Photographs by Bloomberg News/PETER FOLEY
Rep. Chris Collins, R-N.Y., (center) exits federal court Wednesday in New York after he and his son were indicted on charges of insider trading.
Friday, August 10, 2018
WASHINGTON -- Five House members bought shares of an Australian biotechnology company in January 2017 that's at the center of an insider trading indictment of New York Republican Chris Collins, congressional financial disclosures show.
Collins, who represents a district in western New York, is the only lawmaker accused by prosecutors of wrongdoing, which stems from his role on Innate Immunotherapeutics Ltd.'s board, not his position in the House.
But the allegations against him, along with the other lawmakers' holdings, highlight how members of Congress face few restrictions on their investments, creating the potential for conflicts of interest, or the appearance of a conflict.
At least one of the lawmakers, John Culberson of Texas, reported selling his holdings a few weeks before the company was privately informed in June 2017 of negative results from a clinical drug trial.
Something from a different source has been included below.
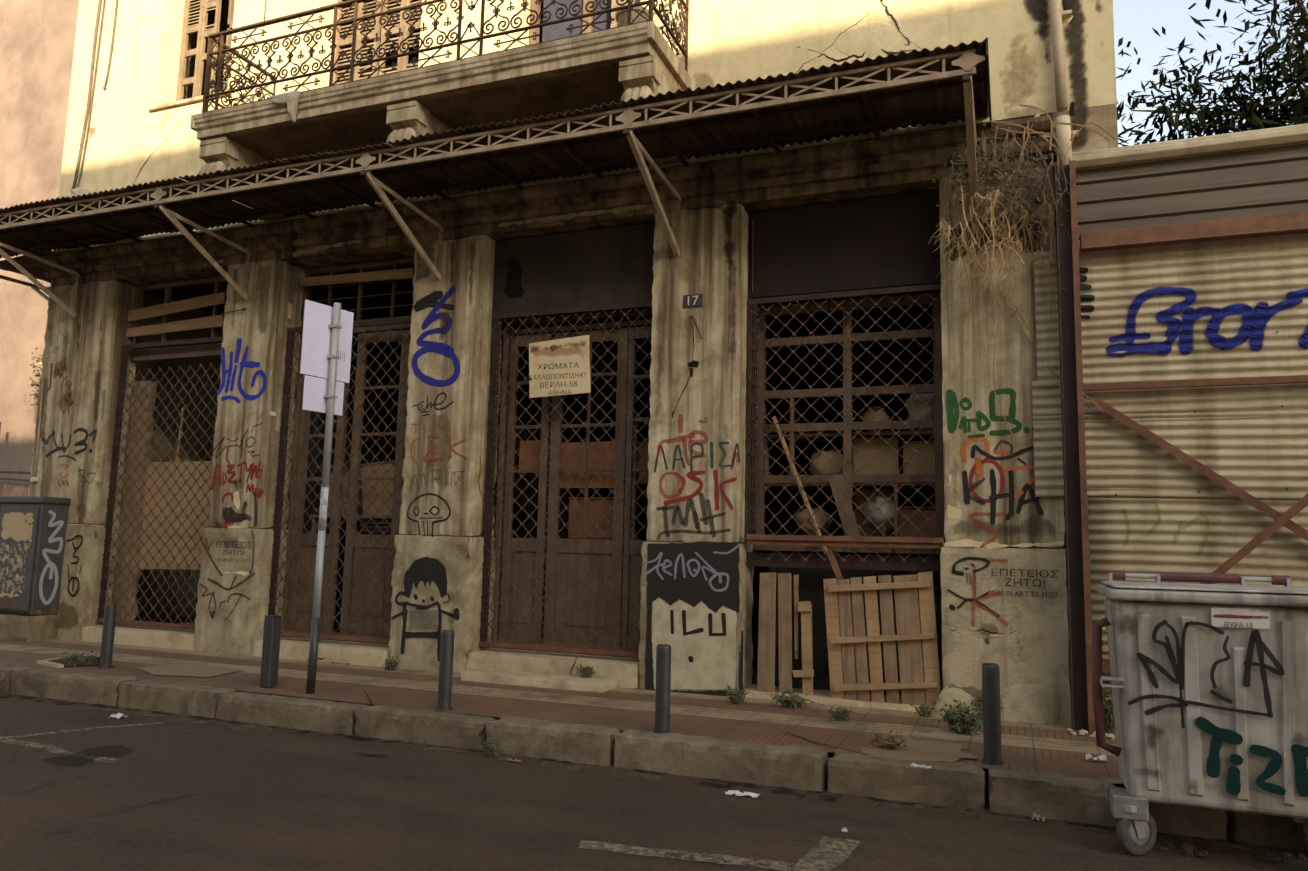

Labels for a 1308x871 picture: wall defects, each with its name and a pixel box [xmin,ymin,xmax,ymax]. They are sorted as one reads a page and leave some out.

crack [795,2,922,74]
water stain [1025,0,1100,149]

When the news was announced, the company's share price tanked. He said in a statement Wednesday that he didn't have any inside information when he sold.
The other lawmakers, all Republicans -- Mike Conaway of Texas, Doug Lamborn of Colorado, Markwayne Mullin of Oklahoma, and Billy Long of Missouri -- either still hold the stock or didn't sell it in the weeks prior to the public announcement of the negative trial results.
Collins, one of the biotechnology company's largest shareholders, served on the board and had access to information that wasn't public. He is accused of tipping off his son about the trial results for a drug to treat a form of multiple sclerosis, according to federal prosecutors in New York.
His son Cameron Collins then passed along the information to others. The son and others who received the tip sold more than 1.78 million shares in the days before the trial results were announced, avoiding losses of $768,000, according to the indictment.
Unlike executive branch officials who must resign from outside positions and divest assets that could pose conflicts of interest, Congress relies on public disclosure as the main mechanism for keeping lawmakers honest.
"There are very few restrictions on members of Congress," said Larry Noble, a former general counsel of the Federal Election Commission. He said lawmakers only have to recuse themselves from voting on legislation that specifically benefits a personal investment. "The rationale for it is that almost anything you can do will affect business. It presents real conflicts."
In 2012, Congress tried to address some of the problems by passing the Stock Act, a measure that made it illegal for members of Congress and federal officials to trade on nonpublic information about pending regulatory or legislative decisions.
Congress should go further and consider banning lawmakers from serving on boards of public companies and trading individual stocks, said Virginia Canter, chief ethics counsel at Citizens for Responsibility and Ethics in Washington.
"They have an inherent conflict of interest in that their duty as a member of the board is to maximize profit, and their duty to the public is to maximize the public good," Canter said.
Even with the additional disclosures, members of Congress face fewer restrictions than those in sensitive positions in the private sector. Wall Street banks typically require employees to disclose all personal investments and get pre-approval for any new purchases and sales. Some firms, including Goldman Sachs Group Inc. and HSBC Holdings PLC, have gone even further, banning certain workers from trading individual stocks.
Innate Immunotherapeutics lost more than 90 percent of its value the day after the company reported that its trial for a multiple sclerosis treatment had failed. The losses followed a more than 10-fold run-up in the shares during 2016 as investors bet the company would succeed.
Collins, his son and another defendant pleaded innocent in a federal court appearance in Manhattan.
"We will answer the charges filed against Congressman Collins in court and will mount a vigorous defense to clear his good name," said Jonathan Barr and Jonathan New, attorneys for Collins.